Source records
◆ ◆ ◆ ◆
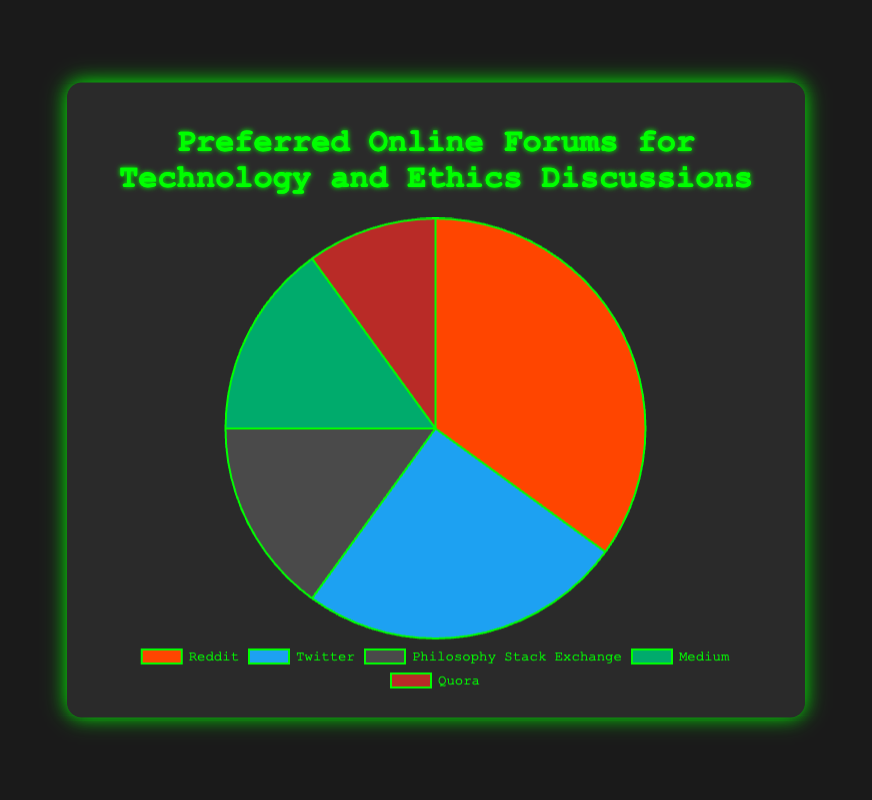What's the largest forum percentage in the pie chart? To determine the largest forum percentage, look at the pie chart and identify the segment that occupies the most space. According to the data, Reddit has the largest share at 35%.
Answer: 35% What’s the combined percentage of Medium and Quora? To find the combined percentage of Medium and Quora, simply add their individual percentages: Medium (15%) + Quora (10%). Therefore, the combined percentage is 15% + 10% = 25%.
Answer: 25% How does the percentage of Twitter compare to that of Reddit? To compare the percentages, simply look at their values. Twitter has a percentage of 25%, while Reddit has 35%. Thus, Twitter's percentage is less than Reddit's.
Answer: Twitter < Reddit Which forum has a percentage equal to that of Philosophy Stack Exchange? From the dataset, Philosophy Stack Exchange has a percentage of 15%. By comparing it with other forums, Medium also has a percentage of 15%. Therefore, Medium has the same percentage as Philosophy Stack Exchange.
Answer: Medium What is the difference between the percentage of Reddit and Quora? To find the difference, subtract Quora’s percentage from Reddit’s percentage: Reddit (35%) - Quora (10%) = 25%. So the difference is 25%.
Answer: 25% What is the total percentage represented by the three least popular forums? Add the percentages of the three least popular forums: Philosophy Stack Exchange (15%) + Medium (15%) + Quora (10%). This totals 15% + 15% + 10% = 40%.
Answer: 40% How many forums have a percentage higher than 20%? By checking the dataset, only Reddit (35%) and Twitter (25%) have percentages higher than 20%. Therefore, there are 2 forums with percentages higher than 20%.
Answer: 2 What color represents the forum with the lowest percentage? To identify the color of the forum with the lowest percentage, look for the smallest segment, which is Quora at 10%. The color representing Quora is red.
Answer: Red 
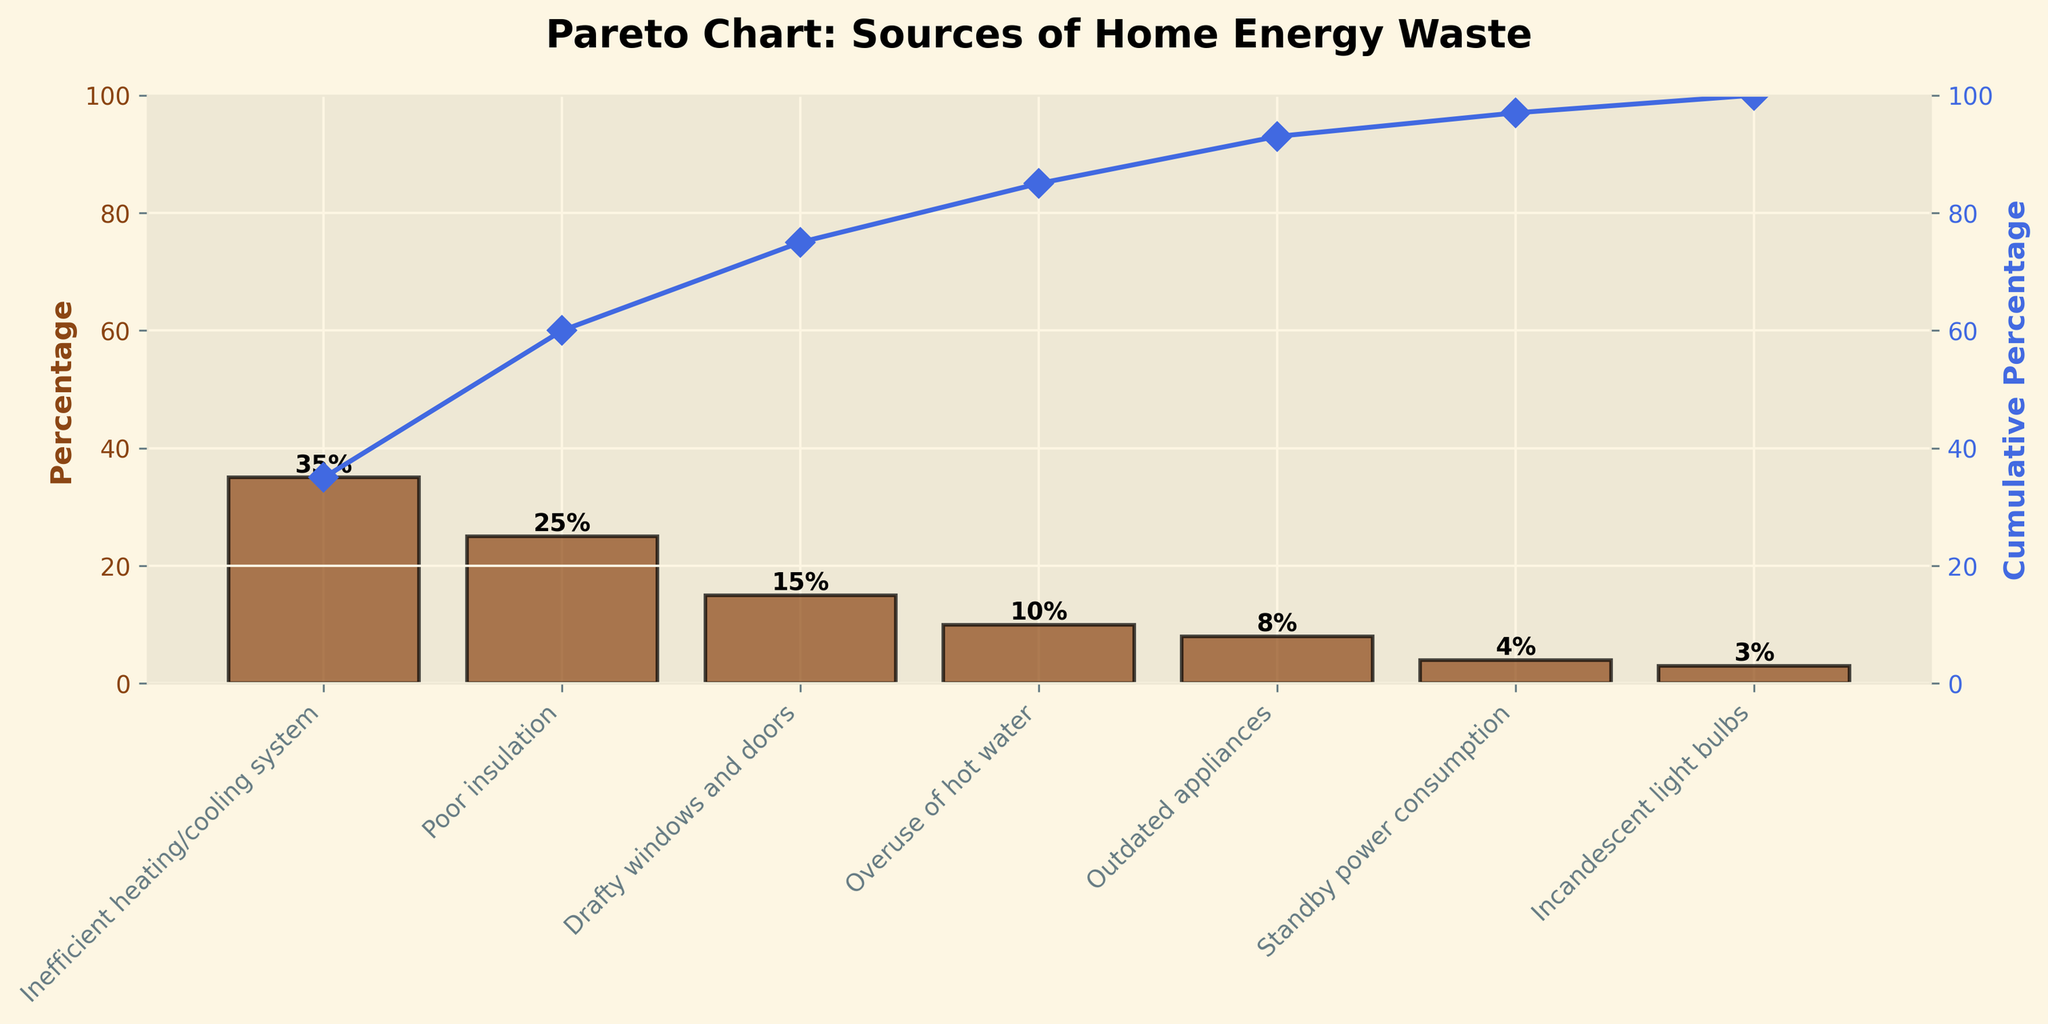What's the title of the chart? The title of the chart is the text displayed at the top of the figure.
Answer: Pareto Chart: Sources of Home Energy Waste What is the source with the highest percentage of home energy waste? Look for the tallest bar in the bar chart.
Answer: Inefficient heating/cooling system What percentage of home energy waste is caused by poor insulation? Find the height of the bar labeled "Poor insulation".
Answer: 25% Which sources of home energy waste contribute more than 20%? Identify bars with heights greater than 20%.
Answer: Inefficient heating/cooling system and Poor insulation How many sources are listed in the chart? Count the number of bars in the bar chart.
Answer: 7 What is the cumulative percentage after the first three sources? Add the percentages of the first three bars: 35% + 25% + 15%.
Answer: 75% Which source has a lower percentage of home energy waste: Outdated appliances or Standby power consumption? Compare the heights of the bars labeled "Outdated appliances" and "Standby power consumption".
Answer: Standby power consumption What color is used for the cumulative percentage line? Identify the color of the line running through the points on the secondary axis.
Answer: Blue What is the cumulative percentage when outdated appliances are included? Sum up the percentages up to and including "Outdated appliances": 35% + 25% + 15% + 10% + 8%.
Answer: 93% What is the combined percentage of energy waste from overuse of hot water and incandescent light bulbs? Add the percentages of the two sources: 10% + 3%.
Answer: 13% 
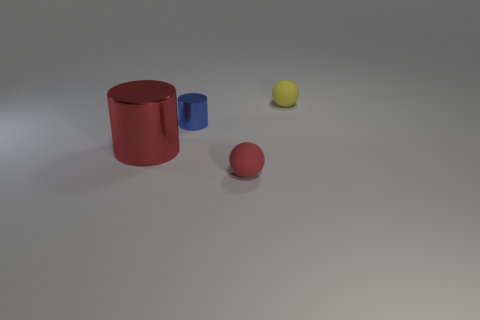There is a object that is in front of the blue object and on the right side of the large shiny cylinder; what size is it?
Your answer should be compact. Small. There is a big object that is left of the tiny blue object; what is its material?
Offer a terse response. Metal. There is a small cylinder; does it have the same color as the tiny rubber object that is in front of the big red object?
Provide a succinct answer. No. What number of things are either matte balls that are in front of the large metal object or objects that are behind the tiny red sphere?
Provide a short and direct response. 4. There is a object that is in front of the blue cylinder and to the right of the large red shiny object; what is its color?
Give a very brief answer. Red. Is the number of red matte objects greater than the number of small matte spheres?
Your response must be concise. No. Is the shape of the tiny blue object behind the large red cylinder the same as  the small red thing?
Your response must be concise. No. What number of matte things are either small blue cylinders or big cylinders?
Your response must be concise. 0. Are there any large brown cylinders that have the same material as the blue cylinder?
Give a very brief answer. No. What is the material of the large red cylinder?
Give a very brief answer. Metal. 
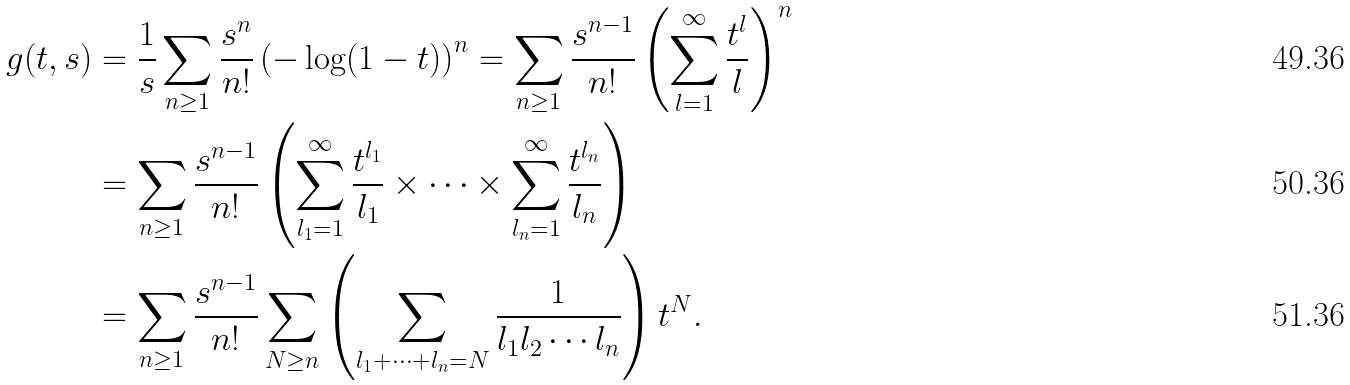<formula> <loc_0><loc_0><loc_500><loc_500>g ( t , s ) & = \frac { 1 } { s } \sum _ { n \geq 1 } \frac { s ^ { n } } { n ! } \left ( - \log ( 1 - t ) \right ) ^ { n } = \sum _ { n \geq 1 } \frac { s ^ { n - 1 } } { n ! } \left ( \sum _ { l = 1 } ^ { \infty } \frac { t ^ { l } } { l } \right ) ^ { n } \\ & = \sum _ { n \geq 1 } \frac { s ^ { n - 1 } } { n ! } \left ( \sum _ { l _ { 1 } = 1 } ^ { \infty } \frac { t ^ { l _ { 1 } } } { l _ { 1 } } \times \cdots \times \sum _ { l _ { n } = 1 } ^ { \infty } \frac { t ^ { l _ { n } } } { l _ { n } } \right ) \\ & = \sum _ { n \geq 1 } \frac { s ^ { n - 1 } } { n ! } \sum _ { N \geq n } \left ( \sum _ { l _ { 1 } + \cdots + l _ { n } = N } \frac { 1 } { l _ { 1 } l _ { 2 } \cdots l _ { n } } \right ) t ^ { N } .</formula> 
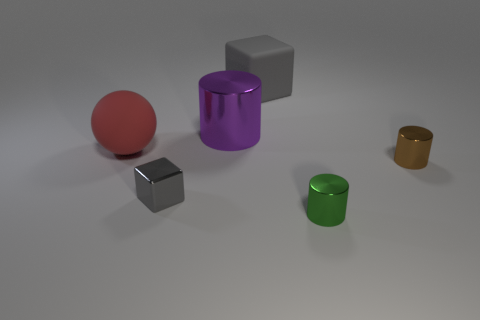Subtract all large cylinders. How many cylinders are left? 2 Add 3 gray matte cubes. How many objects exist? 9 Subtract all green cylinders. How many cylinders are left? 2 Subtract all cubes. How many objects are left? 4 Subtract 1 blocks. How many blocks are left? 1 Subtract all yellow blocks. Subtract all yellow spheres. How many blocks are left? 2 Subtract all balls. Subtract all tiny green metal cylinders. How many objects are left? 4 Add 5 big rubber blocks. How many big rubber blocks are left? 6 Add 5 small cylinders. How many small cylinders exist? 7 Subtract 0 gray balls. How many objects are left? 6
◆ ◆ ◆ ◆
Task instructions
Reproduce the records exactly, starting with their first line and ending with the line that contains "Answer: Medium What", though pictures should be dropped.

Answer section
What's the largest forum percentage in the pie chart? To determine the largest forum percentage, look at the pie chart and identify the segment that occupies the most space. According to the data, Reddit has the largest share at 35%.
Answer: 35% What’s the combined percentage of Medium and Quora? To find the combined percentage of Medium and Quora, simply add their individual percentages: Medium (15%) + Quora (10%). Therefore, the combined percentage is 15% + 10% = 25%.
Answer: 25% How does the percentage of Twitter compare to that of Reddit? To compare the percentages, simply look at their values. Twitter has a percentage of 25%, while Reddit has 35%. Thus, Twitter's percentage is less than Reddit's.
Answer: Twitter < Reddit Which forum has a percentage equal to that of Philosophy Stack Exchange? From the dataset, Philosophy Stack Exchange has a percentage of 15%. By comparing it with other forums, Medium also has a percentage of 15%. Therefore, Medium has the same percentage as Philosophy Stack Exchange.
Answer: Medium What is the difference between the percentage of Reddit and Quora? To find the difference, subtract Quora’s percentage from Reddit’s percentage: Reddit (35%) - Quora (10%) = 25%. So the difference is 25%.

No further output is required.